The origin, evolution and function of ultraconserved elements is one of the enigmas to arise from large-scale comparative genomics. Gill Bejerano (University of California, Santa Cruz, USA), described how an ancient short interspersed nuclear repeat element (SINE) has been recruited as both an exon and a distal enhancer. The SINE that is found as a highly amplified family in coelacanths acts as a distal enhancer of the ISL1 gene in mammals. In reporter assays this element recapitulates the ISL1 gene's neural expression pattern. The same SINE also acts as an alternatively spliced exon of another mammalian gene, PCBP2. This work provides an interesting example of possible 'exaptation', the situation whereby fortuitously distributed identical elements appear to have been co-opted to provide new multigene regulatory networks for existing genes. On a more practical front, it may also highlight the need for a more cautious approach to the common practice of masking and subsequent removal of large numbers of repeated elements from genomic analyses.
The usefulness of comparative genomics of domestic animals for mapping traits was apparent in several talks.
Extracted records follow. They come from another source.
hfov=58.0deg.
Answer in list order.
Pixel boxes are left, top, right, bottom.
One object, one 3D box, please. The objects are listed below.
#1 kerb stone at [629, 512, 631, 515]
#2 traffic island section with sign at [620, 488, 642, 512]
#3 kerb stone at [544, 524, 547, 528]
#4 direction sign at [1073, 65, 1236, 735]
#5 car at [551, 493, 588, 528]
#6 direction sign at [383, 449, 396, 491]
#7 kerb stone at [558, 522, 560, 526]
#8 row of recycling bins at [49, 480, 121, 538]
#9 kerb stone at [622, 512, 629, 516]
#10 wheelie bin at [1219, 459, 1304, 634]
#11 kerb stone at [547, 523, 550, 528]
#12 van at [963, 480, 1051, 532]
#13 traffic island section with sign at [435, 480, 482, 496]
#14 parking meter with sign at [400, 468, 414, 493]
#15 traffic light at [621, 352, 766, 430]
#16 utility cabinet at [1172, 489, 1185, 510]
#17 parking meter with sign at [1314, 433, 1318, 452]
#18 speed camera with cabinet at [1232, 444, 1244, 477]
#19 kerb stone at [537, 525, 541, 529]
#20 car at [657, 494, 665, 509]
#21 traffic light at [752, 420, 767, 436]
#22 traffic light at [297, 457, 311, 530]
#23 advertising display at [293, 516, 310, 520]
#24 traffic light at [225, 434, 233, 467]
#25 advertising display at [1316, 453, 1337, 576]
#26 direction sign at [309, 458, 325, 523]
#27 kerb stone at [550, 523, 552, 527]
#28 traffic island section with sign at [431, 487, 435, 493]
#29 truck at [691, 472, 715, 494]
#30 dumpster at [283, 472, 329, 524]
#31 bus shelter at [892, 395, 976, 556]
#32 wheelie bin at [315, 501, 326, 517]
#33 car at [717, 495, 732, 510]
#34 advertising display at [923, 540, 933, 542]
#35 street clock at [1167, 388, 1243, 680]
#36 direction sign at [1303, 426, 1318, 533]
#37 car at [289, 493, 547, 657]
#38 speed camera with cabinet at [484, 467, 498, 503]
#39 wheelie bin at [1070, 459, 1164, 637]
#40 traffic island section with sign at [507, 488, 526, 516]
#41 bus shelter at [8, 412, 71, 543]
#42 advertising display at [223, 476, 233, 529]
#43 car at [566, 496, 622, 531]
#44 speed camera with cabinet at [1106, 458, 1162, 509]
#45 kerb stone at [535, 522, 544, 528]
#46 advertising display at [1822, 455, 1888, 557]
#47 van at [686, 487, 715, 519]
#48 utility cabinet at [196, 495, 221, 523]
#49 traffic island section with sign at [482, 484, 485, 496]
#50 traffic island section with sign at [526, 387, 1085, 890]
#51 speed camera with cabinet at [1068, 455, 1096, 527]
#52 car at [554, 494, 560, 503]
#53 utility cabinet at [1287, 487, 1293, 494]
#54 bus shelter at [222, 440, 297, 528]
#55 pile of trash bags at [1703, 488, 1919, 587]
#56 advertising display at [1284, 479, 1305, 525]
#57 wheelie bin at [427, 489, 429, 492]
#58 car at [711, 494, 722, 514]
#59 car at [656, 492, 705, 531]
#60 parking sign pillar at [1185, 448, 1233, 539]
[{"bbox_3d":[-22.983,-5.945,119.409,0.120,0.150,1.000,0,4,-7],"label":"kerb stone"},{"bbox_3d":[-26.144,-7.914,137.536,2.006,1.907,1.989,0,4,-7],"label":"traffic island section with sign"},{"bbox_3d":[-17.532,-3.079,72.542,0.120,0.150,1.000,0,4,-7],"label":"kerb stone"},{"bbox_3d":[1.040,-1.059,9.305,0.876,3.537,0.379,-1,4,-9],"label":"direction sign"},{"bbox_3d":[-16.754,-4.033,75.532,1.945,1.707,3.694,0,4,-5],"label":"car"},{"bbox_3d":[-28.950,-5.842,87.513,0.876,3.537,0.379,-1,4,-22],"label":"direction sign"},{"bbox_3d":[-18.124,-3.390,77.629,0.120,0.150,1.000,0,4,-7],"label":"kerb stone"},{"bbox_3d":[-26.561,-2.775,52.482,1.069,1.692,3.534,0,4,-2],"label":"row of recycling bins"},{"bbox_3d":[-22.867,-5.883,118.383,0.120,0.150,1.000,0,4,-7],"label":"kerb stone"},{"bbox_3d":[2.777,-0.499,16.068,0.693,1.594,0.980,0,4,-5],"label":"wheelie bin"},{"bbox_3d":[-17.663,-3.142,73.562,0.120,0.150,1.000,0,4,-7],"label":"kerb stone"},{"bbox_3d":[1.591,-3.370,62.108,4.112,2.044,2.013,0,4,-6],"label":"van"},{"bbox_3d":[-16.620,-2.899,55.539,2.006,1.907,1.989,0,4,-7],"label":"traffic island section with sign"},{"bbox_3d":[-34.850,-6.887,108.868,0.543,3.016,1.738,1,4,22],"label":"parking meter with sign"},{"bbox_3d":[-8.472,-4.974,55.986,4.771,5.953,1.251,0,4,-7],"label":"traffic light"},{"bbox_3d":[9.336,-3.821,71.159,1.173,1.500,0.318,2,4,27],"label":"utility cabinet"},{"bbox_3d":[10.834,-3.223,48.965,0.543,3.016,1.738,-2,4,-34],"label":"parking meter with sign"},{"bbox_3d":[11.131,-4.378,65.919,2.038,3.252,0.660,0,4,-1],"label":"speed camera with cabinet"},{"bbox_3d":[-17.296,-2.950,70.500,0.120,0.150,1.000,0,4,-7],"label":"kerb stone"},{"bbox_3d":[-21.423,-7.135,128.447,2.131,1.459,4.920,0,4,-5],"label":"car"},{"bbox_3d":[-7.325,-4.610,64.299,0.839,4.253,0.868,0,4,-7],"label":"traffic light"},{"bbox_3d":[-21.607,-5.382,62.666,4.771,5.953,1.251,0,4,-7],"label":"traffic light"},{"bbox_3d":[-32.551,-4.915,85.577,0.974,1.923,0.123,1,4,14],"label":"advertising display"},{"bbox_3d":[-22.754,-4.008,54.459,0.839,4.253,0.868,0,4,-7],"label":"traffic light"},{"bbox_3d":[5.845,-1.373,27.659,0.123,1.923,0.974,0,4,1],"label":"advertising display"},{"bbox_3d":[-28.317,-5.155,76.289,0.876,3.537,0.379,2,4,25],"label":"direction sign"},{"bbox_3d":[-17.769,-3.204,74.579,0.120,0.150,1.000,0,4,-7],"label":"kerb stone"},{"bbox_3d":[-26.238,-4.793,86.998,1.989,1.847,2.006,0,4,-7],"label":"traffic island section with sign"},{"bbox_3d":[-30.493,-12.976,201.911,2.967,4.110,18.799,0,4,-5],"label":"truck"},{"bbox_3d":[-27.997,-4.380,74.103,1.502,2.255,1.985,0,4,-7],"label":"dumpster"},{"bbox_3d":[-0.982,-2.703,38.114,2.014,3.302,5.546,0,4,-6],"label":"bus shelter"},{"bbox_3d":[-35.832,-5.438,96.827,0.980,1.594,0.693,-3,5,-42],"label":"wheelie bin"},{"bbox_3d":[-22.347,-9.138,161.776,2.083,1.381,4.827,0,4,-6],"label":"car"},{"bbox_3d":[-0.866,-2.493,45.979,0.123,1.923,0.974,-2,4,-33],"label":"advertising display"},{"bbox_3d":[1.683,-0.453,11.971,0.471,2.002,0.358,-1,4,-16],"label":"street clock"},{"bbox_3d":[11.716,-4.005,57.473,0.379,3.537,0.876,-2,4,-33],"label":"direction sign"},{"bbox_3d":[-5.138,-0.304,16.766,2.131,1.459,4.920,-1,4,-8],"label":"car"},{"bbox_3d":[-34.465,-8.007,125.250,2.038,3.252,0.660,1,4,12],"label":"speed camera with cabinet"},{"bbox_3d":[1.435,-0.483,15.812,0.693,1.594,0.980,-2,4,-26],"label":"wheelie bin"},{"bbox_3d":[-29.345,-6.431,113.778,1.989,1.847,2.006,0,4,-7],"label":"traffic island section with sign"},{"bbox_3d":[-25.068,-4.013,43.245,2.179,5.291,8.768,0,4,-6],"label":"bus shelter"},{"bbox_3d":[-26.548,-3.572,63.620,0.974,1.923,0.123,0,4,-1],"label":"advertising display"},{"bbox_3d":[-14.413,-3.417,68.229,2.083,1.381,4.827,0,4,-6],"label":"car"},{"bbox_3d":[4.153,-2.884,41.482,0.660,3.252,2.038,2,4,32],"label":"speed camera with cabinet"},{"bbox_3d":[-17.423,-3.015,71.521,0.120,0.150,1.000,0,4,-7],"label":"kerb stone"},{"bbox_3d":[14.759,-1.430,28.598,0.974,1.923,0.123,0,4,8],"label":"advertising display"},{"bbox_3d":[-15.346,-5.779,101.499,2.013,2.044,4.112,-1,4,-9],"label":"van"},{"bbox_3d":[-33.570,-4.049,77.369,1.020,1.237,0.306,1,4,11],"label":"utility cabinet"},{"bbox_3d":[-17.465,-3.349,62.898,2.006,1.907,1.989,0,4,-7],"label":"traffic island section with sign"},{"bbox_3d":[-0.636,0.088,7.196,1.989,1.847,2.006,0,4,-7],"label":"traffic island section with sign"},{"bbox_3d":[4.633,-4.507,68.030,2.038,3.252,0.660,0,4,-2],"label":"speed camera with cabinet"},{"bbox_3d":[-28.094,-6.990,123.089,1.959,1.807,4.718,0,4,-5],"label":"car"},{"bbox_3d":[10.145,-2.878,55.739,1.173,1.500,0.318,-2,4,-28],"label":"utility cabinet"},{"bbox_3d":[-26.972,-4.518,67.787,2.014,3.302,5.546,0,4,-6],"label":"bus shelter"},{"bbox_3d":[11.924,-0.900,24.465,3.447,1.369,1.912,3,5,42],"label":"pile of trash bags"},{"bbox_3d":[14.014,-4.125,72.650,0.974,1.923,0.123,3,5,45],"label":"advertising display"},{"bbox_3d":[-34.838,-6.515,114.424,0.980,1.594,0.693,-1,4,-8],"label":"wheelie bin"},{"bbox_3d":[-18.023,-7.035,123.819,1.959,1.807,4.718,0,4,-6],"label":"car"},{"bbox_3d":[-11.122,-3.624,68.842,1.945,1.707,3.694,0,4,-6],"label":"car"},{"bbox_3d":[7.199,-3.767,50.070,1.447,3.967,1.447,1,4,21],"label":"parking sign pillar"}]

Leif Andersson (Uppsala University, Uppsala, Sweden) presented a study in which melanocyte migration defects were rapidly mapped using dog breeds, highlighting the benefits of population structure, strong selection and closely monitored phenotypes of domestic animals in disease gene mapping. Michel Georges (University of Liège, Belgium) described work on quantitative traits affecting myogenesis in Texel sheep. His identification of a SNP in the 3' untranslated region of the MSTN gene that accounts for up to 20% of the muscle-trait variation is of particular interest as it joins an exclusive, but growing, group of mutations that produce a phenotype by disrupting the interactions of microRNAs (miRNAs) with genes. This particular miRNA interaction inhibits the translation of the protein but not the abundance of the mRNA transcript.
Additional species continue to be added to the comparative genomics repertoire. Proving that extinction need not be a barrier to inclusion, Svante Pääbo (Max Planck Institute for Evolutionary Anthropology, Leipzig, Germany) showed how the Pleistocene has contributed genomic information from mammoths, cave bears and Neanderthals. The small amount of data available so far indicate that Neanderthals diverged from modern humans (Homo sapiens) 400,000 years ago and that there was separation of the gene pools.
Progress on the sequencing and analysis of the opossum genome was presented by Kerstin Lindblad-Toh (Broad Institute, Boston, USA), and among the many meetings of small groups of researchers throughout the conference was one of the platypus genome sequencing consortium, indicating that next year will be an exciting one for comparative genomics.
The power of large-scale comparisons remains the core of genomics. This meeting emphasized that comparisons are beginning to reveal unexpected secrets of the genome and its evolutionary history. In the nearer future, however, there is the promise of using high-throughput capability to assess variation in the human population and gain fresh insights into disease.